I tapped a transistor, put a screwdriver across a pair of wires and watched the spark. Marilyn was just talking to pass the time. She really loves me and doesn’t mind too much that I spend my spare time and money building a time machine. Sometimes she even believes that it might work.

She kept talking. “I’ve been thinking--we’re past thirty now and what do we have? A lease on a restaurant where nobody eats, and a time machine that doesn’t work.” She sighed. “And a drawerful of pawn tickets we’ll never be able to redeem. My silver, my camera, my typewriter...”

I added a growl to her sigh. “My microscope, my other equipment...”

“Uncle Johnson will have them for his old age,” she said sadly. “And we’ll be lucky if we have anything.”

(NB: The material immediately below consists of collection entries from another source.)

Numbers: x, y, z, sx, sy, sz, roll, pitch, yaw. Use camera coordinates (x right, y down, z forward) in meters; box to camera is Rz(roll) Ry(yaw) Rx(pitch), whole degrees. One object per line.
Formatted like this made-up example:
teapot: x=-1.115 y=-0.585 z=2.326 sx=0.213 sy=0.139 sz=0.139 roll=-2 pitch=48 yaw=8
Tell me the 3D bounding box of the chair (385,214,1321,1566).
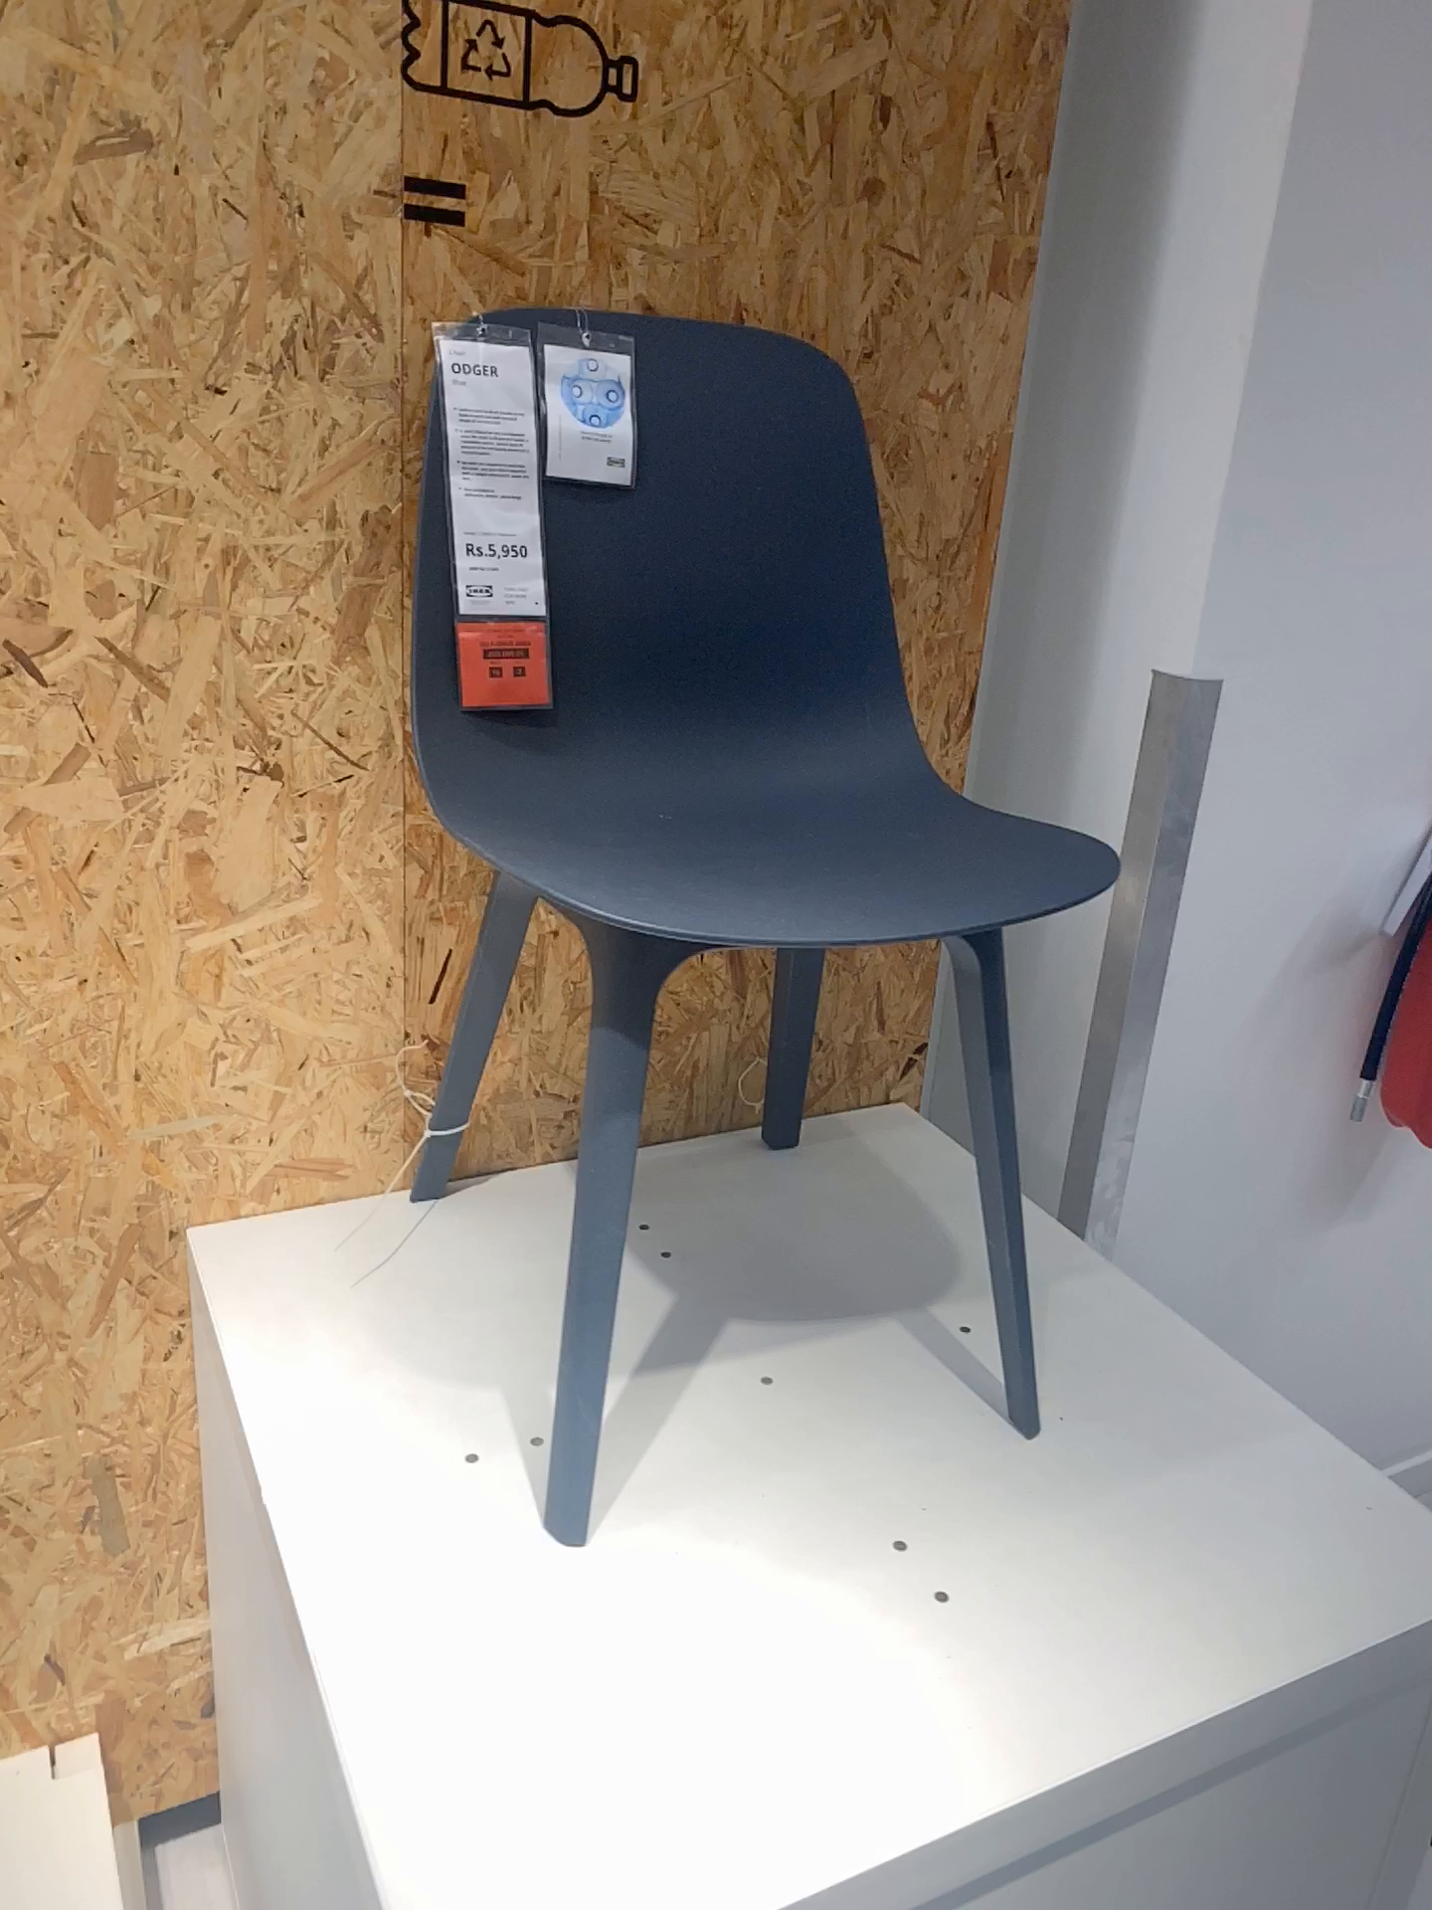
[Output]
chair: x=0.020 y=-0.078 z=1.086 sx=0.430 sy=0.767 sz=0.502 roll=-4 pitch=22 yaw=-23

I felt a pang of resentment. Uncle Johnson! It seemed that every time I acquired something, Uncle Johnson soon came into possession of it. We’d been kids together, although he was quite a few years older, a hulking lout in the sixth grade while I was in the first, and I graduated from grammar school a term ahead of him. Of course I went on to high school and had a college degree at fifteen, being a prodigy. Johnson went to work in his uncle’s pawn shop, sweeping the floor and so on, and that’s when we started calling him Uncle.

This wasn’t much of a job because Johnson’s uncle got him to work for almost nothing by promising he would leave him the pawn shop when he died. And it didn’t look as if much would come of this, because the uncle was not very old and he was always telling people a man couldn’t afford to die these days, what with the prices undertakers were charging.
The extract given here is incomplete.